Através dessas análises, foi possível observar que, o sujeito enunciador do DL, pelo menos no discurso, ainda se identifica com uma formação discursiva voltada para os interesses dos trabalhadores, desde a época em que ele era diretor do sindicato. E, ao pronunciar, torna presentes fatos ocorridos, recorrendo ao interdiscurso (memória discursiva) e rememora o que já havia sido dito naquela época.

Nesse sentido, cabe lembrar que há uma data significativa atravessando o dizer do Presidente que talvez faça com que ele enuncie dessa maneira e não de outra. A historicidade e a memória discursiva entram em funcionamento quando esse sujeito enuncia para o público do 1º de maio (os trabalhadores).  

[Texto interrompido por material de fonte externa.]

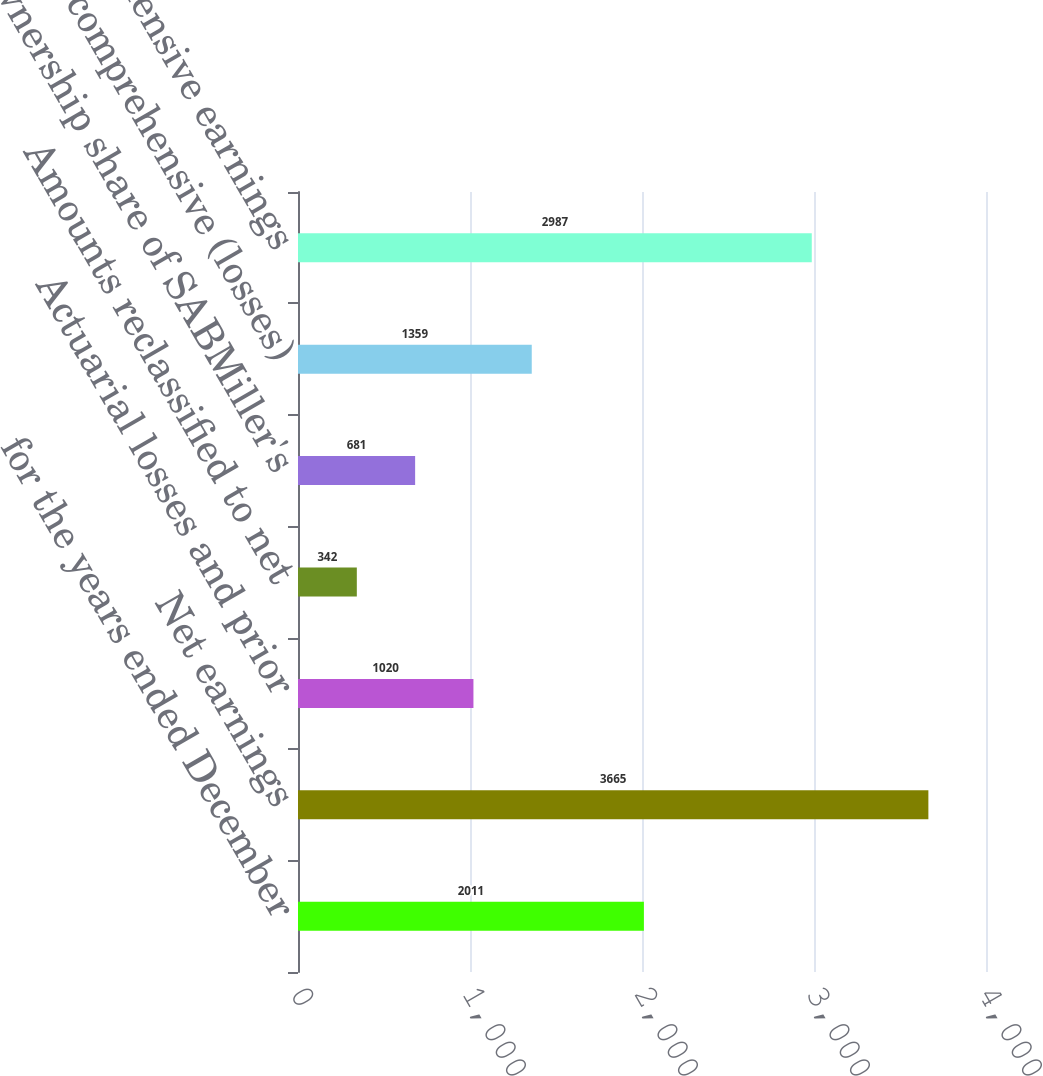Convert chart. <chart><loc_0><loc_0><loc_500><loc_500><bar_chart><fcel>for the years ended December<fcel>Net earnings<fcel>Actuarial losses and prior<fcel>Amounts reclassified to net<fcel>Ownership share of SABMiller's<fcel>Other comprehensive (losses)<fcel>Comprehensive earnings<nl><fcel>2011<fcel>3665<fcel>1020<fcel>342<fcel>681<fcel>1359<fcel>2987<nl></chart> 
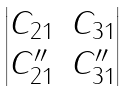Convert formula to latex. <formula><loc_0><loc_0><loc_500><loc_500>\begin{vmatrix} C _ { 2 1 } & C _ { 3 1 } \\ C ^ { \prime \prime } _ { 2 1 } & C ^ { \prime \prime } _ { 3 1 } \end{vmatrix}</formula>

Por isso, é que se chega ao entendimento de que o DL transmite uma imagem que o seu Governo é defensor dos “pobres e dos trabalhadores”. Talvez, os interlocutores nem se dêem conta disso. A visão do Presidente, diante da sua nação, é que há uma parte da população que precisa ter prioridade. Nesse caso, é o “povo” que ele quer privilegiar. Ou seja, são as pessoas humildes, trabalhadoras e pobres com quem o sujeito enunciador do DL, no seu imaginário, tem o compromisso de dar oportunidades.

Nesse sentido, outro efeito que se produz depois de feita as análises, é o de que o sujeito enunciador só chegou lá por meio do voto. E aqui, mais uma vez o “povo” que o elegeu é tido como as pessoas trabalhadoras, sofredoras e que acreditam nesse sujeito enunciador.

O desenvolvimento das análises nos leva ao entendimento de que, os enunciados proferidos pelo sujeito enunciador do DL, estão inseridos em uma FD relacionada aos dizeres dos trabalhadores brasileiros. Embora o sujeito enunciador do DL esteja enunciando a partir da posição de Presidente da República, ele não deixa de enunciar de acordo com a FD em que está socialmente inscrito.

A partir disso, entendemos o DL como uma representação dos dizeres que agregam os saberes da classe trabalhadora, pois a posição ocupada pelo sujeito enunciador durante o período em que era dirigente sindical influenciou e influencia na constituição de sua identidade. Chegamos a esse entendimento pelo modo que o “povo” é referido/representado pelo sujeito enunciador do DL no processo discursivo em análise.